I'm using Slack, but that shouldn't make a difference. It's the same code which detects the installs and upgrades.
My test is basically like this:
kubectl create namespace my-namespace
helm install kubewise -n my-namespace ./helm_chart --set slack.token="<token>" --set image.tag="0.11.1" --set clusterRole.create=falsew --set rbac.create=true
helm install flux fluxcd/flux --set git.url=git@github.com:fluxcd/flux-get-started --namespace my-namespace --wait --timeout 60
helm upgrade flux fluxcd/flux -n flux --set git.url=git@github.com:fluxcd/flux-get-started9 --set myValue=red --wait --timeout 60s -n my-namespace
helm uninstall flux -n my-namespace
helm uninstall kubewise -n my-namespaceHere are the results:
--set rbac.create= |
--set clusterRole.create= |
Install result | Upgrade result |
|---|---|---|---|
false |
true |
No notification | No notification |
true |
false |
No notification | No notification |
false |
false |
No notification | No notification |
true |
true |
Notification | Notification |
TJM
commented
4 years ago Interesting... perhaps this is where test driven development would have helped ;)
Here are the vague test descriptions:
With rbac.create set to false, the chart will not create any RBAC (role/clusterrole nor bindings), so the user would be responsible for setting up the role/rolebinding some other way... (some outside force)
With rbac.create set to true, and clusterrole.create set to false it should create a role and rolebinding (rather than a clusterrole and clusterrolebinding). It should only be able to detect changes in its own namespace due to the rolebinding. We also set namespaceToWatch: my-namespace. Perhaps that changes the detection code?
With both rbac.create and clusterrole.create set to true (Default), it should create a clusterrole and clusterrolebinding, which would be the original behavior.
dtuite
commented
4 years ago We also set namespaceToWatch: my-namespace. Perhaps that changes the detection code?
This is it. I just tested this and you can set clusterRole.create=false and still get notifications for one namespace as long as you set namespaceToWatch to some value.
dtuite
commented
4 years ago Thanks for the pull request @TJM and team.
I will let you know when I release a new version with this change.
TJM
commented
4 years ago We also set namespaceToWatch: my-namespace. Perhaps that changes the detection code?

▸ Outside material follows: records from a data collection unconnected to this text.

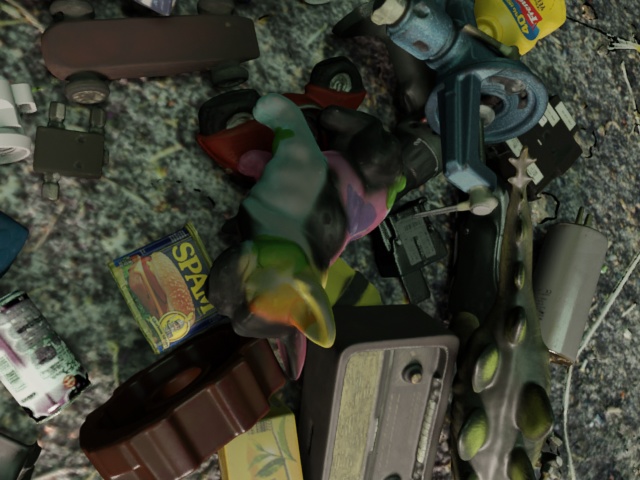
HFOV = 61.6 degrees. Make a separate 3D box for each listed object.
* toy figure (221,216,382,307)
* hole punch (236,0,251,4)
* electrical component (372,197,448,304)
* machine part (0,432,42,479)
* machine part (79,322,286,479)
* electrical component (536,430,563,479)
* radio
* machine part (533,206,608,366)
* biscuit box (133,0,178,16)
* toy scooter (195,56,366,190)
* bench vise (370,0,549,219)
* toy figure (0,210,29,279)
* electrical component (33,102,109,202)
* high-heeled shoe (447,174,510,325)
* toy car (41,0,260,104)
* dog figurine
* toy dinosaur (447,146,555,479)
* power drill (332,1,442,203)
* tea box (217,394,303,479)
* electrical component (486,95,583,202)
[{"bbox_3d":[-0.015,0.033,0.547,0.082,0.089,0.180,-45,105,-15],"label":"toy figure"},{"bbox_3d":[-0.043,-0.308,0.522,0.142,0.092,0.116,64,30,-51],"label":"hole punch"},{"bbox_3d":[0.104,0.017,0.622,0.075,0.048,0.119,-18,91,-22],"label":"electrical component"},{"bbox_3d":[-0.302,0.166,0.442,0.139,0.039,0.084,36,68,-14],"label":"machine part"},{"bbox_3d":[-0.114,0.136,0.455,0.179,0.179,0.056,-31,100,-22],"label":"machine part"},{"bbox_3d":[0.260,0.246,0.666,0.078,0.045,0.102,-46,103,-18],"label":"electrical component"},{"bbox_3d":[0.050,0.177,0.524,0.131,0.073,0.229,-3,113,-24],"label":"radio"},{"bbox_3d":[0.307,0.067,0.686,0.079,0.079,0.243,29,76,-18],"label":"machine part"},{"bbox_3d":[-0.133,-0.310,0.513,0.059,0.063,0.203,21,60,-12],"label":"biscuit box"},{"bbox_3d":[-0.030,-0.101,0.561,0.184,0.075,0.135,-22,120,-12],"label":"toy scooter"},{"bbox_3d":[0.141,-0.142,0.527,0.223,0.129,0.240,29,56,-39],"label":"bench vise"},{"bbox_3d":[-0.309,0.039,0.437,0.057,0.064,0.154,46,69,-28],"label":"toy figure"},{"bbox_3d":[-0.232,-0.081,0.503,0.063,0.021,0.094,6,82,-23],"label":"electrical component"},{"bbox_3d":[0.216,0.042,0.671,0.145,0.086,0.248,-43,123,-51],"label":"high-heeled shoe"},{"bbox_3d":[-0.160,-0.187,0.526,0.202,0.053,0.089,-13,88,-22],"label":"toy car"},{"bbox_3d":[-0.001,-0.001,0.451,0.191,0.108,0.219,6,58,-24],"label":"dog figurine"},{"bbox_3d":[0.177,0.145,0.524,0.105,0.198,0.470,0,101,14],"label":"toy dinosaur"},{"bbox_3d":[0.098,-0.172,0.620,0.232,0.086,0.207,-33,94,-24],"label":"power drill"},{"bbox_3d":[-0.054,0.241,0.505,0.068,0.098,0.169,-6,89,-18],"label":"tea box"},{"bbox_3d":[0.275,-0.129,0.702,0.134,0.058,0.114,-41,103,-21],"label":"electrical component"}]

This is it. I just tested this and you can set
clusterRole.create=falseand still get notifications for one namespace as long as you setnamespaceToWatchto some value.
Thanks, I guess we better note that in the readme, since you already merged, I will leave that part up to you :p
dtuite
commented
4 years ago @TJM this is released in 0.11.8.
Thanks for the help.
TJM
commented
4 years ago Thanks @dtuite ... side note, as this is a "new feature" and not a "patch" it should have probably been released with 0.12.0, strictly speaking. Although I think you can play fast and loose with SymVer prior to 1.0.0 ;)
dtuite
commented
4 years ago Yeah. I agree. Releasing is a bit of a mess at the moment and I opted to get the release out under a non-optimal version number just so it was done. It's going to take a bit more work to come up with a nice release flow. It will settle down in time.
This simply allows deployment into environments where we are unable to create a clusterRole or clusterRoleBinding due to access restrictions (we are limited to a single namespace).